Following high school, Rodney enlisted and served 4 years in the US Navy, spending much of his time at sea with frequent stops in Japan. While attending church on one of his weekend liberties, he met and fell in love with Sherryll Dawn Adney of San Diego, California. Following several months of courtship between his deployments, they were married in the summer of 1957 and started a family. When he was honorably discharged from the Navy, Rodney returned to San Diego, working with his skilled hands in carpentry wherever work could be found. Over the next few years, he relocated his growing family several times, moving to Ogden, Utah; San Pablo, Calif.; and Pasco, Wash.; before finally settling just outside of Hermiston, Oregon in 1966. There Rodney built a house on a hill, rising above the Umatilla River and overlooking the countryside that spread out to the town nearby. He always preferred to have a view. Here the couple raised their 8 children and cultivated a small farm, while he continued to work as a carpenter.
Rodney and his 2 older brothers, Robert (Bobby) and Leroy, learned the carpentry trade from their father, who was a contractor in eastern Oregon. After their father’s untimely death in 1961, he and his brothers formed BL&R (Bobby, Leroy & Rodney) Construction and worked as a team to build houses in the surrounding area and adjacent states. When BL&R Construction dissolved, Rodney and Leroy then established River Road Construction, which they ran together for years. In the late 1970’s, Rodney and his brothers filed paperwork to rezone 30+ acres of family-owned farmland to allow 1-acre lots for new homes to be built. The Dickenson Addition, a family’s legacy to their community, soon became a reality, the streets of the new subdivision named in honor of their parents: Royce Lane and Daisy Lane, joined together by Dickenson Drive. The brothers’ very first groundbreaking was a new home on the corner of Daisy Lane, presented as a gift to their aged mother.
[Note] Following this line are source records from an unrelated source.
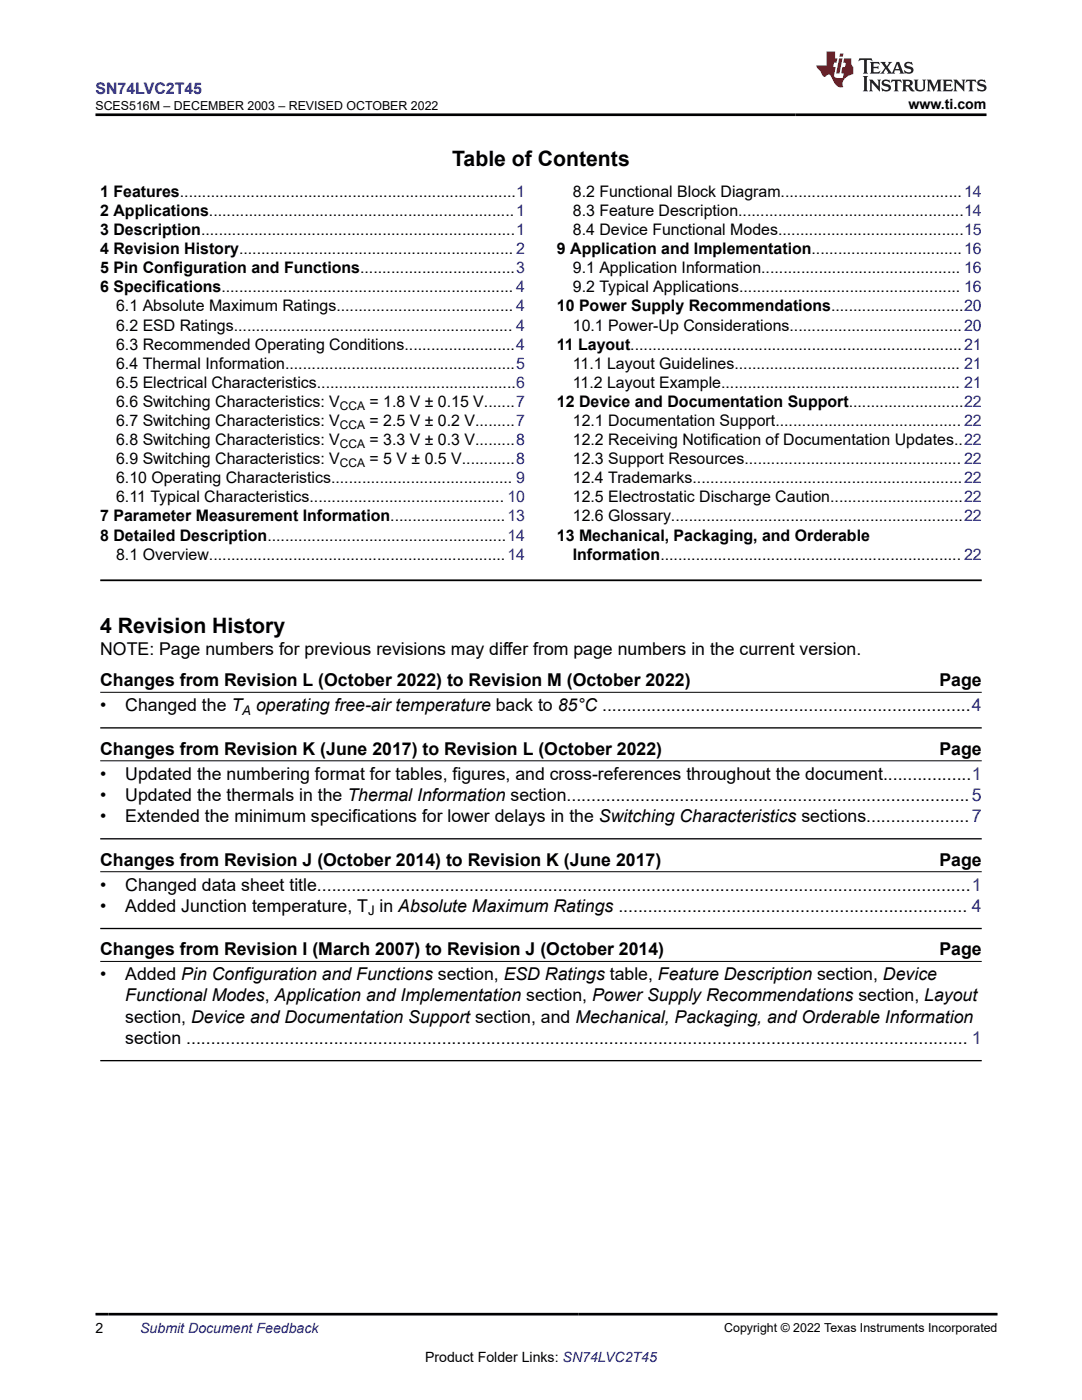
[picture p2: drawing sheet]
<svg xmlns="http://www.w3.org/2000/svg" width="216mm" height="279mm" viewBox="0 0 216 279" stroke-linecap="round" stroke-linejoin="round" font-family="sans-serif">
<defs><g id="words">
<g font-size="4.2">
<text x="90.2" y="33">Table of Contents</text>
<text x="20" y="126.2">4 Revision History</text>
</g>
<g font-size="3.5">
<text x="20" y="130.6">NOTE: Page numbers for previous revisions may differ from page numbers in the current version.</text>
<text x="20" y="137">Changes from Revision L (October 2022) to Revision M (October 2022)</text>
<text x="187.5" y="137">Page</text>
<text x="20" y="141.9">•</text>
<text x="25" y="141.9">Changed the T operating free-air temperature back to 85°C ...........................................................................4</text>
<text x="20" y="150.6">Changes from Revision K (June 2017) to Revision L (October 2022)</text>
<text x="20" y="155.6">•</text>
<text x="25" y="155.6">Updated the numbering format for tables, figures, and cross-references throughout the document..................1</text>
<text x="187.5" y="150.6">Page</text>
<text x="20" y="159.8">•</text>
<text x="25" y="159.8">Updated the thermals in the Thermal Information section..................................................................................5</text>
<text x="20" y="164.1">•</text>
<text x="25" y="164.1">Extended the minimum specifications for lower delays in the Switching Characteristics sections.....................7</text>
<text x="20" y="172.8">Changes from Revision J (October 2014) to Revision K (June 2017)</text>
<text x="187.5" y="172.8">Page</text>
<text x="20" y="177.7">•</text>
<text x="25" y="177.7">Changed data sheet title.....................................................................................................................................1</text>
<text x="20" y="182">•</text>
<text x="25" y="182">Added Junction temperature, T in Absolute Maximum Ratings ....................................................................... 4</text>
<text x="20" y="190.7">Changes from Revision I (March 2007) to Revision J (October 2014)</text>
<text x="187.5" y="190.7">Page</text>
<text x="20" y="195.6">•</text>
<text x="25" y="195.6">Added Pin Configuration and Functions section, ESD Ratings table, Feature Description section, Device</text>
<text x="25" y="199.9">Functional Modes, Application and Implementation section, Power Supply Recommendations section, Layout</text>
<text x="25" y="204.1">section, Device and Documentation Support section, and Mechanical, Packaging, and Orderable Information</text>
<text x="25" y="208.3">section ............................................................................................................................................................... 1</text>
</g>
<text font-size="3.2" fill="#00f" x="19" y="18.7">SN74LVC2T45</text>
<g font-size="3.2">
<text x="20" y="39.3">1 Features............................................................................1</text>
<text x="114.3" y="39.3">8.2 Functional Block Diagram.........................................14</text>
<text x="20" y="43.1">2 Applications.....................................................................1</text>
<text x="20" y="46.9">3 Description.......................................................................1</text>
<text x="114.3" y="43.1">8.3 Feature Description...................................................14</text>
<text x="114.3" y="46.9">8.4 Device Functional Modes..........................................15</text>
<text x="20" y="50.7">4 Revision History.............................................................. 2</text>
<text x="111.1" y="50.7">9 Application and Implementation..................................16</text>
<text x="20" y="54.5">5 Pin Configuration and Functions...................................3</text>
<text x="20" y="58.3">6 Specifications.................................................................. 4</text>
<text x="114.3" y="54.5">9.1 Application Information............................................. 16</text>
<text x="114.3" y="58.3">9.2 Typical Applications.................................................. 16</text>
<text x="23.2" y="62.2">6.1 Absolute Maximum Ratings........................................ 4</text>
<text x="23.2" y="66">6.2 ESD Ratings............................................................... 4</text>
<text x="111.1" y="62.2">10 Power Supply Recommendations..............................20</text>
<text x="114.3" y="66">10.1 Power-Up Considerations.......................................20</text>
<text x="23.2" y="69.8">6.3 Recommended Operating Conditions.........................4</text>
<text x="111.1" y="69.8">11 Layout...........................................................................21</text>
<text x="23.2" y="73.6">6.4 Thermal Information....................................................5</text>
<text x="23.2" y="77.4">6.5 Electrical Characteristics.............................................6</text>
<text x="114.3" y="73.6">11.1 Layout Guidelines................................................... 21</text>
<text x="114.3" y="77.4">11.2 Layout Example...................................................... 21</text>
<text x="23.2" y="81.2">6.6 Switching Characteristics: V</text>
<text x="73.7" y="81.2">= 1.8 V ± 0.15 V.......7</text>
<text x="111.1" y="81.2">12 Device and Documentation Support..........................22</text>
<text x="23.2" y="85">6.7 Switching Characteristics: V</text>
<text x="23.2" y="88.8">6.8 Switching Characteristics: V</text>
<text x="73.7" y="85">= 2.5 V ± 0.2 V.........7</text>
<text x="73.7" y="88.8">= 3.3 V ± 0.3 V.........8</text>
<text x="114.3" y="85">12.1 Documentation Support.......................................... 22</text>
<text x="114.3" y="88.8">12.2 Receiving Notification of Documentation Updates..22</text>
<text x="23.2" y="92.6">6.9 Switching Characteristics: V</text>
<text x="73.7" y="92.6">= 5 V ± 0.5 V............8</text>
<text x="114.3" y="92.6">12.3 Support Resources................................................. 22</text>
<text x="23.2" y="96.4">6.10 Operating Characteristics......................................... 9</text>
<text x="23.2" y="100.3">6.11 Typical Characteristics............................................ 10</text>
<text x="114.3" y="96.4">12.4 Trademarks.............................................................22</text>
<text x="114.3" y="100.3">12.5 Electrostatic Discharge Caution..............................22</text>
<text x="20" y="104.1">7 Parameter Measurement Information..........................13</text>
<text x="20" y="107.9">8 Detailed Description......................................................14</text>
<text x="111.1" y="107.9">13 Mechanical, Packaging, and Orderable</text>
<text x="114.3" y="104.1">12.6 Glossary..................................................................22</text>
<text x="23.2" y="111.7">8.1 Overview...................................................................14</text>
<text x="114.3" y="111.7">Information.................................................................... 22</text>
</g>
<g font-size="2.8">
<text x="181.3" y="21.8">www.ti.com</text>
<text x="19" y="266.1">2</text>
<text x="84.8" y="271.7">Product Folder Links: SN74LVC2T45</text>
</g>
<text font-size="2.8" fill="#00f" x="28" y="266.1">Submit Document Feedback</text>
<g font-size="2.6">
<text x="48.3" y="142.6">A</text>
<text x="73.4" y="182.7">J</text>
</g>
<g font-size="2.5">
<text x="19" y="21.9">SCES516M – DECEMBER 2003 – REVISED OCTOBER 2022</text>
<text x="144.5" y="265.8">Copyright © 2022 Texas Instruments Incorporated</text>
</g>
<g font-size="2.4">
<text x="67.8" y="81.8">CCA</text>
<text x="67.8" y="85.7">CCA</text>
<text x="67.8" y="89.5">CCA</text>
<text x="67.8" y="93.3">CCA</text>
</g>
</g></defs>
<path d="M20 115.8h175.9" fill="none" stroke="#000" stroke-width=".35"/>
<path d="M20 138.2h175.9M20 151.8h175.9M20 174h175.9M20 191.9h175.9" fill="none" stroke="#000" stroke-width=".2"/>
<path d="M20 145.3h175.9M20 167.4h175.9M20 185.3h175.9M20 211.7h175.9" fill="none" stroke="#000" stroke-width=".26"/>
<path d="M171.5 11.6l-.2 .6 .5-.2h.6v.1v2.2l-.2 .4h1l-.2-.4v-2.2v-.1h.5l.5 .2-.1-.6zM173.6 12.4l.2 .3v1.6l-.2 .4h1.9l.1-.6a1.08 1.08 0 0 1-1.3 .2v-.7h.6l.4 .2v-.7l-.4 .2h-.6v-.5l.2-.2a1 1 0 0 1 1 .3l-.1-.5zM175.7 12.4l.9 1.1-1 1.2h.9l-.2-.2 .5-.8 .4 .8-.2 .2h1.6l-.2-.2 .2-.5h.9l.1 .5-.1 .2h.9l-.2-.4-.8-1.9h-.5l-.9 2.1-.9-1.1 .9-1h-.8l.2 .2-.4 .6-.4-.6 .2-.2zM179 12.8l.4 1h-.7zM180.7 12.5a.65 .65 0 0 0-.2 .7 .65 .65 0 0 0 .6 .5l.6 .1 .1 .3a.79 .79 0 0 1-.7 .4 .79 .79 0 0 1-.7-.5l.1 .7 .2-.1a.93 .93 0 0 0 1.1 0 .93 .93 0 0 0 .4-.9 1.46 1.46 0 0 0-1.2-.6l-.1-.3a1.09 1.09 0 0 1 1.2 .2l-.2-.6-.1 .1-.5-.2zM172.2 15.2l.2 .4v2.2l-.2 .4h1l-.2-.4v-2.2l.2-.4zM173.4 15.9l.2 .4v1.5l-.2 .4h.8l-.3-.4 .1-1.3 1.6 1.8v-2l.2-.4h-.7l.1 .2 .1 1.1-1.2-1.3zM176.2 16a.65 .65 0 0 0-.2 .8 .65 .65 0 0 0 .6 .4l.6 .2 .1 .2a.79 .79 0 0 1-.7 .4 .79 .79 0 0 1-.7-.5l.1 .7 .2-.1a.93 .93 0 0 0 1.1 .1 .93 .93 0 0 0 .4-1 1.46 1.46 0 0 0-1.2-.5l-.1-.4a1.09 1.09 0 0 1 1.2 .2l-.1-.6-.2 .1-.5-.1zM177.9 15.9l-.1 .6a.63 .63 0 0 1 .8-.3v1.6l-.3 .4h1l-.2-.4v-1.6a.66 .66 0 0 1 .8 .3l-.1-.6zM180 15.9l.2 .4v1.5l-.2 .4h1l-.2-.2-.1-.7h.5l.1 .2a.79 .79 0 0 0 1.2 .6l-1-.9a.61 .61 0 0 0 .6-.6 .61 .61 0 0 0-.5-.7zM180.8 16.2h.1a.47 .47 0 0 1 .5 .1 .47 .47 0 0 1 .1 .5l-.1 .1-.7 .1zM182.3 15.9l.2 .2a2.27 2.27 0 0 0 .4 2 1.04 1.04 0 0 0 1.7-.7v-1.3l.2-.2h-.8l.2 .4v1.1a.6 .6 0 0 1-.6 .6 .6 .6 0 0 1-.6-.6v-1.1l.3-.4zM184.9 15.9l.2 .4v1.5l-.2 .4h.8l-.3-.4v-1.4l.9 1.9 .9-1.9v1.4l-.3 .4h1l-.2-.4v-1.5l.2-.4h-.8l-.7 1.5-.6-1.5zM188.1 15.9l.2 .4v1.5l-.2 .4h1.9l.1-.6a1.09 1.09 0 0 1-1.3 .2v-.7h.6l.4 .2v-.6l-.4 .2h-.6v-.6l.2-.1a1.01 1.01 0 0 1 1 .3l-.1-.6zM190.2 15.9l.3 .4v1.5l-.3 .4h.8l-.2-.4v-1.3l1.6 1.8v-2l.2-.4h-.7l.2 .2v1.1l-1.2-1.3zM192.8 15.9l-.1 .6a.63 .63 0 0 1 .8-.3v1.6l-.3 .4h1l-.2-.4v-1.6a.66 .66 0 0 1 .8 .3l-.1-.6zM195.2 16a.65 .65 0 0 0-.2 .8 .65 .65 0 0 0 .6 .4l.6 .2 .2 .2a.79 .79 0 0 1-.7 .4 .79 .79 0 0 1-.7-.5l.1 .7 .2-.1a.93 .93 0 0 0 1 .1 .93 .93 0 0 0 .5-1 1.46 1.46 0 0 0-1.3-.5v-.4a1.09 1.09 0 0 1 1.2 .2l-.2-.6-.2 .1-.5-.1z" fill="#231f20"/>
<path d="M164.9 10.3v2.7h-2l.1 .4 .8 1a.95 .95 0 0 0 1 .9 .59 .59 0 0 1 .5-.4 .59 .59 0 0 1 .5 .3l.4 .8a1.59 1.59 0 0 0 2.1 1.4 1.61 1.61 0 0 1 1-2.3l1-.3-.1-1.5a1.59 1.59 0 0 1-.3-1.7h-1.5l-.2 .9h.6l-.2 .9h-.5l-.2 .9v.3l.4 .1-.1 .9h-.7a.73 .73 0 0 1-1-.7l.3-1.5h-.5l.1-.9h.5l.2-.9h-.5v-1.3zM167.4 11.6l-.6 3.1h.7l.6-3.1zM167.6 10.7l-.1 .6h.7l.1-.6z" fill="#ed1c24"/>
<path d="M19 22.9h177.8M19 262.3h180" fill="none" stroke="#000" stroke-width=".53"/>
<use href="#words"/>
</svg>

In 1984, Rodney obtained a job with Golden Corral Corporation based out of North Carolina. He was instrumental in building the famous chain’s restaurants. In the early 1990’s, he and Sherryll bought property on Pokey Creek Road, overlooking the valley surrounding Santa, Idaho. He always did prefer a view. For the next few years, they spent their off time there in a 5th wheel. They officially relocated to the property and built their home when Rodney retired in 1997. Sadly, Sherryll unexpectedly died in the late summer of 1998, and Rodney was left brokenhearted with no one to share his mountain top.
A year later Rodney found love again when he was introduced to Violet Nelson while visiting the church she attended. He knew immediately that she would become his “the-rest-of-my-life” companion. They were married in St. Maries, Idaho, in the summer of 2000. Soon after, Rodney came out of retirement and served as a Building Superintendent for Golden Corral with Violet by his side. They traveled around the United States, overseeing the construction of 6 new restaurants, from groundbreaking to opening day. He finally officially retired in 2006.
Rodney adored Violet and always made sure she knew it. The couple thoroughly enjoyed each other’s company and traveled and played whenever they could. In retirement, he “wintered” in Arizona with Violet until travel was no longer possible. Spring would bring them back to the blessing of his mountain top, which he loved sharing with cousins and other family members when they would visit. According to him it was as close to Heaven as a person could get on Earth.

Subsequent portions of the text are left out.